The Center for Disease Control and Prevention reports that, “every day, about seven teens aged 13–19 died due to motor vehicle crashes, and hundreds more were injured, (CDC). Most striking, the Insurance Institute for Highway Safety found that the most at-risk to suffer a tragic accident are the newly licensed drivers on the road, “teen drivers age [16-19] are nearly three times as likely as drivers aged 20 or older to be in a fatal crash” (IIHS). In considering the opportunity to improve road safety, decrease tragic accidents, and encourage good driving habits, drivers education serves a critically important role in accomplishing those objectives for all, and especially for those most at risk of a tragic accident. Ideally, drivers education would include the baseline content about “the rules of the road” while ensuring students are afforded an instructor that serves as a role model for facilitating the skills of responsible driving. Yet, to ensure that quality content and instruction generates its intended impact, the driver’s education experience should teach new and novice drivers the science of developing good driving habits. There exist many thoughtful and well-intentioned steps to help reduce the number of deaths related to driving. Examples are many and include rewards like discounted automobile insurance for safe drivers or penalties like speeding tickets for reckless drivers. Yet, in considering the current steps taken and the scale of tragic automobile accidents impacting older teenagers, I look to behavioral science for insights and inspiration for a possible new direction in creating a cohort of safer drivers.

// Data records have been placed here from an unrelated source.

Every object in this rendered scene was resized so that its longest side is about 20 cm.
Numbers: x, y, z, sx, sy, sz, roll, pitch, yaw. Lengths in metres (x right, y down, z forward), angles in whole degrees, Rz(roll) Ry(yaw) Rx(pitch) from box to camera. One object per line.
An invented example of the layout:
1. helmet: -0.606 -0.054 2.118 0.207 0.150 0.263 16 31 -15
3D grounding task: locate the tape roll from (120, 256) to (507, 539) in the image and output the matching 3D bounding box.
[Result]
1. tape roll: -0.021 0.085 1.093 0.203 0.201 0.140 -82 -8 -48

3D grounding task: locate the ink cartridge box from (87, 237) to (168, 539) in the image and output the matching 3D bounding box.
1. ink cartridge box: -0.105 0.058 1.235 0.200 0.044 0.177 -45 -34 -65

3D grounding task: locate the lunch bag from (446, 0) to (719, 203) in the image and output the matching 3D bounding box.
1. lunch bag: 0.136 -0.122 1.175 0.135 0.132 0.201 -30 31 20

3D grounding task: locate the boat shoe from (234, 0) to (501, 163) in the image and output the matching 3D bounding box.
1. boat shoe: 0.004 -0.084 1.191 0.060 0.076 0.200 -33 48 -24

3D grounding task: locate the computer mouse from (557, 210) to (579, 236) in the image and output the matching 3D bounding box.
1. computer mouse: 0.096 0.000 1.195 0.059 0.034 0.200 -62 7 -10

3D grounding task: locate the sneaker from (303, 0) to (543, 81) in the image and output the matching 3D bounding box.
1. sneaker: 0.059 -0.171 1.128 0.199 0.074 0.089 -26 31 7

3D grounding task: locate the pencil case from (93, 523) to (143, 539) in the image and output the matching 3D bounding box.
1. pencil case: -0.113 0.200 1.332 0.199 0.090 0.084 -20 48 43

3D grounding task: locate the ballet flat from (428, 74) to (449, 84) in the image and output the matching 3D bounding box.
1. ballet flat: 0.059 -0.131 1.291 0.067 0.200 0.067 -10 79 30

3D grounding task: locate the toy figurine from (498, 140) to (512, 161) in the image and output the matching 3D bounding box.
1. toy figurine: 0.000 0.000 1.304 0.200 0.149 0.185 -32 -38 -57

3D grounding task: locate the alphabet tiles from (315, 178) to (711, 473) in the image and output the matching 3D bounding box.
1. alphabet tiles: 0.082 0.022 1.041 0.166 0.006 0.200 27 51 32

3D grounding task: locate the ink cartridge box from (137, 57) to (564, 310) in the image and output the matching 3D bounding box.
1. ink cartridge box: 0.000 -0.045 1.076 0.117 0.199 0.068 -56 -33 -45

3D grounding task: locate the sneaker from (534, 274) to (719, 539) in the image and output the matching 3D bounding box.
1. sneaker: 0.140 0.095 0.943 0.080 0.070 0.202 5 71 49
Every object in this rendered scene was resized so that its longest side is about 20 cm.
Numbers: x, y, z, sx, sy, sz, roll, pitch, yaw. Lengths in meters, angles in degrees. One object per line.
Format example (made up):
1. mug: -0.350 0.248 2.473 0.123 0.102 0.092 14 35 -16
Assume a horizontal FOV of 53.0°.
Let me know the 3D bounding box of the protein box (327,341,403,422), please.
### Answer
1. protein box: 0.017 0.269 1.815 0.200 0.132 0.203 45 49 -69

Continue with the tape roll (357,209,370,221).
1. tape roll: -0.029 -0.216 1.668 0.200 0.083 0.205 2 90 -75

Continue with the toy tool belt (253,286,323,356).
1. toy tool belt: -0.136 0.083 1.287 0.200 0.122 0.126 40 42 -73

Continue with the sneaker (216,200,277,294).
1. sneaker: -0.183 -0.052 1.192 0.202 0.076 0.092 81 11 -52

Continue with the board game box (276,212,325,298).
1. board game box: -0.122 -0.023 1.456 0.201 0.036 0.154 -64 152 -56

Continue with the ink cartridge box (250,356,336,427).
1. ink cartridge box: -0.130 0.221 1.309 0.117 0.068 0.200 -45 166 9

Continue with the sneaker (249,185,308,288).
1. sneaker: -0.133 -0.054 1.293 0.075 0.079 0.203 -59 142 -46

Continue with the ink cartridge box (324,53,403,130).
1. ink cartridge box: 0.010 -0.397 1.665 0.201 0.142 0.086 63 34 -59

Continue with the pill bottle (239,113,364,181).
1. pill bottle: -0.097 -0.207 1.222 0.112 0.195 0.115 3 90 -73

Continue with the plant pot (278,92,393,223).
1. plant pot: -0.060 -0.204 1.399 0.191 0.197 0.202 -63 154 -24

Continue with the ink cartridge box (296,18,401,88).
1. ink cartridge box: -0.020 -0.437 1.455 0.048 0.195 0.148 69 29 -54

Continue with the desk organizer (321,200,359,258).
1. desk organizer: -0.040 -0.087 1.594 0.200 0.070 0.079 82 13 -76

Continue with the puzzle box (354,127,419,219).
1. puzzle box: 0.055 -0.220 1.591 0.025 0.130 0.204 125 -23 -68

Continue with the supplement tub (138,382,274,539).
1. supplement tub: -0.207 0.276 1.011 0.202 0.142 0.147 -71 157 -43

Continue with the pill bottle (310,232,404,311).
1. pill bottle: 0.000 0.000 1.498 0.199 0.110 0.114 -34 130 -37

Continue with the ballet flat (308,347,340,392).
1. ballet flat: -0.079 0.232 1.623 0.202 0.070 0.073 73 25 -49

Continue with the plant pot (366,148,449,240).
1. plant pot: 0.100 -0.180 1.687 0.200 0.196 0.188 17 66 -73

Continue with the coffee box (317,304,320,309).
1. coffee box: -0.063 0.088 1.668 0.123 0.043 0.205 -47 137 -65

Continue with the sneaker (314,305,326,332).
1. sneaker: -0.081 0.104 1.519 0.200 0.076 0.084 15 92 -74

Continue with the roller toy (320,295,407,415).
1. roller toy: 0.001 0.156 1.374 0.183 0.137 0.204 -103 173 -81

The psychologist Wendy Wood and her three decades of original research provide a helpful framework for moving beyond the challenge of incentivizing safe (good) driving and penalizing reckless (bad) driving, by focusing on the teaching and learning of habitual driving. That is, regardless of a drivers’ designation as a “good” or “bad” driver, both of those drivers’ habits were formed in a similar manner. So, instead of attempting to solely reward the good driver’s while penalizing the bad, the educational focus should be on developing a habitual approach to driving that defaults to safety upon being in the driver’s seat.

Professor Wood’s framework for habit formation is based on three underlying elements informing the formation of any habit, be it good or bad. Those three elements are context, repetition, and reward. All three are critical and work in a cycle to shape a learner’s unconscious mind, and ultimately, the learner executes a habit on “auto-pilot” when cued. Of the three elements, I believe the context element as being a major opportunity for all Department of Motor Vehicle (DMV) education facilities to improve their programming while sharing and learning from other regions about their approach to teaching safe habitual driving. DMV education and training programs can prove to be key influencers in reducing collisions if these programs receive the adequate support to transform their programming to become “more empirically based, addressing critical age and experience related factors,” (Mayhew & Simpson). In the short term, however, an immediate course of action by DMVs across the country to promote and ensure educational programming aligns to the science of habit formation may tip the scale in everyone’s favor for future cohorts of drivers that choose safety each and every time they are in the driver’s seat.

References

“Fatality Facts 2019: Teenagers.” IIHS, The Insurance Institute for Highway Safety (IIHS), www.iihs.org/topics/fatality-statistics/detail/teenagers.

“Rules of the Road, Traffic Safety.” Rules of the Road/Traffic Safety, State of Illinois, Sept. 2019, www.cyberdriveillinois.com/publications/motorist/rorts.html.

“Teen Drivers: Get the Facts.” Centers for Disease Control and Prevention, Centers for Disease Control and Prevention, 18 Nov. 2020, www.cdc.gov/transportationsafety/teen_drivers/teendrivers_factsheet.html.

Wood, Wendy. Good Habits, Bad Habits: the Science of Making Positive Changes That Stick. First Edition ed., Farrar, Straus and Giroux, 2019.

Mayhew DR, Simpson HM. The safety value of driver education an training Injury Prevention 2002;8:ii3-ii8.